The density of ice is

ρ(ice) = 920 kg/m3,
and the average density of water is
ρ(water) = 1.00 g/cm3.
What fraction of the total volume of a block of ice is exposed when floating in water?

what does this even mean?

last one of the night, I promise. Physics really isn't my thing.

the ice is 92% as dense as the water

so 92% of the block is submerged when it floats

that leaves 8% exposed

Thank you SO much for all your help!!

Di/Dw = (920kg/m^3)/(1000kg/m^3) = 0.92 = 92% below the surface.

1.0-0.92 = 0.08 = 8% exposed.

To understand the question, we first need to know that when an object floats in a liquid, it displaces an amount of liquid equal to its own weight. This principle is known as Archimedes' principle.

In this case, we have a block of ice floating in water. The density of ice is given as 920 kg/m^3, while the average density of water is 1.00 g/cm^3 (which is equivalent to 1000 kg/m^3).

To find the fraction of the total volume of the ice block that is exposed when floating, we need to compare the densities.

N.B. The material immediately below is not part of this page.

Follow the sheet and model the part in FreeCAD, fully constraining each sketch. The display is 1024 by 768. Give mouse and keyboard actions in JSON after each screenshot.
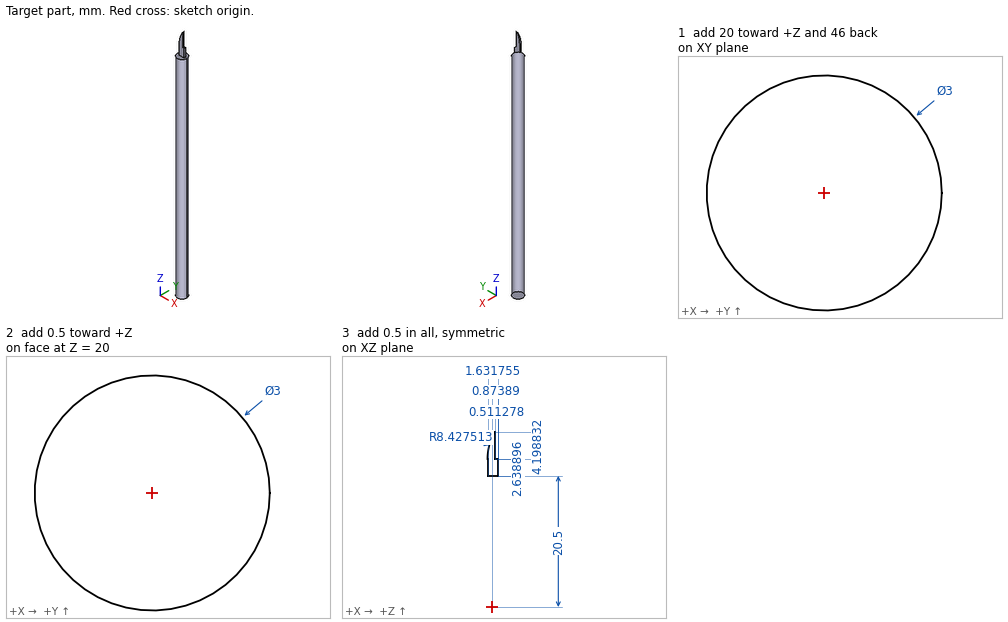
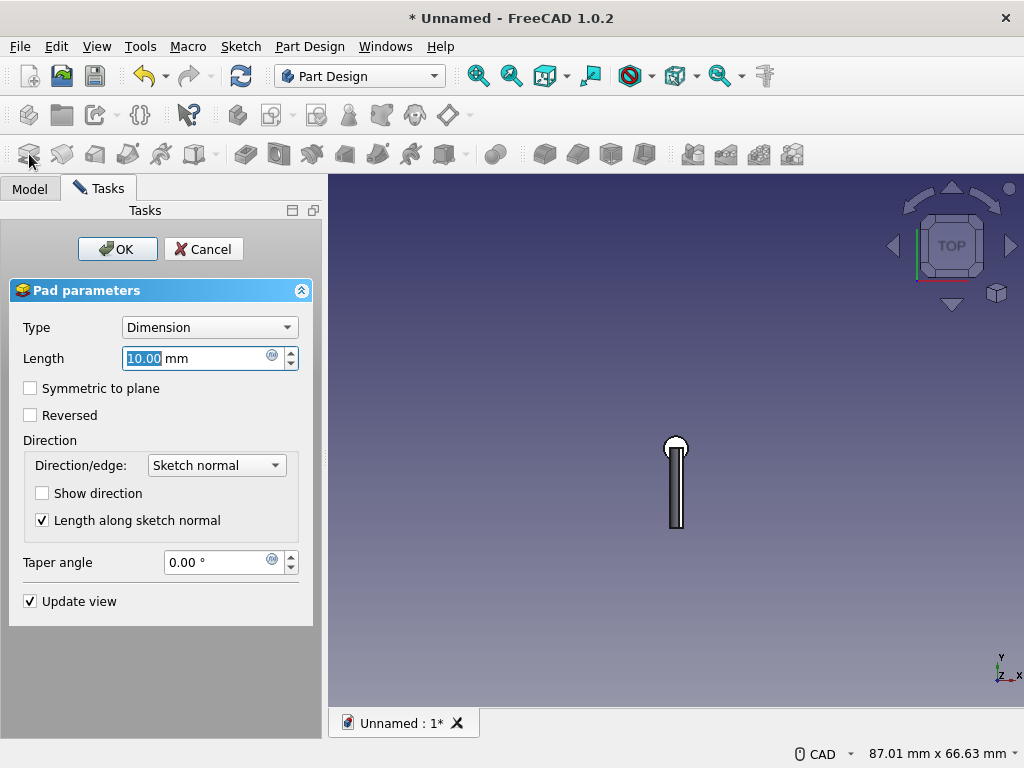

The density of the ice is less than the density of water, which means that the ice is less dense and will float. When an object floats, it displaces an amount of liquid equal to its own weight.

To calculate the fraction of the ice block that is exposed when floating, we can use the formula:

Fraction exposed = (Density of ice) / (Density of water)

Substituting the given values:

Fraction exposed = (920 kg/m^3) / (1000 kg/m^3)

Simplifying:

Fraction exposed ≈ 0.92

Therefore, approximately 92% of the volume of the ice block will be exposed above the surface of the water when it is floating.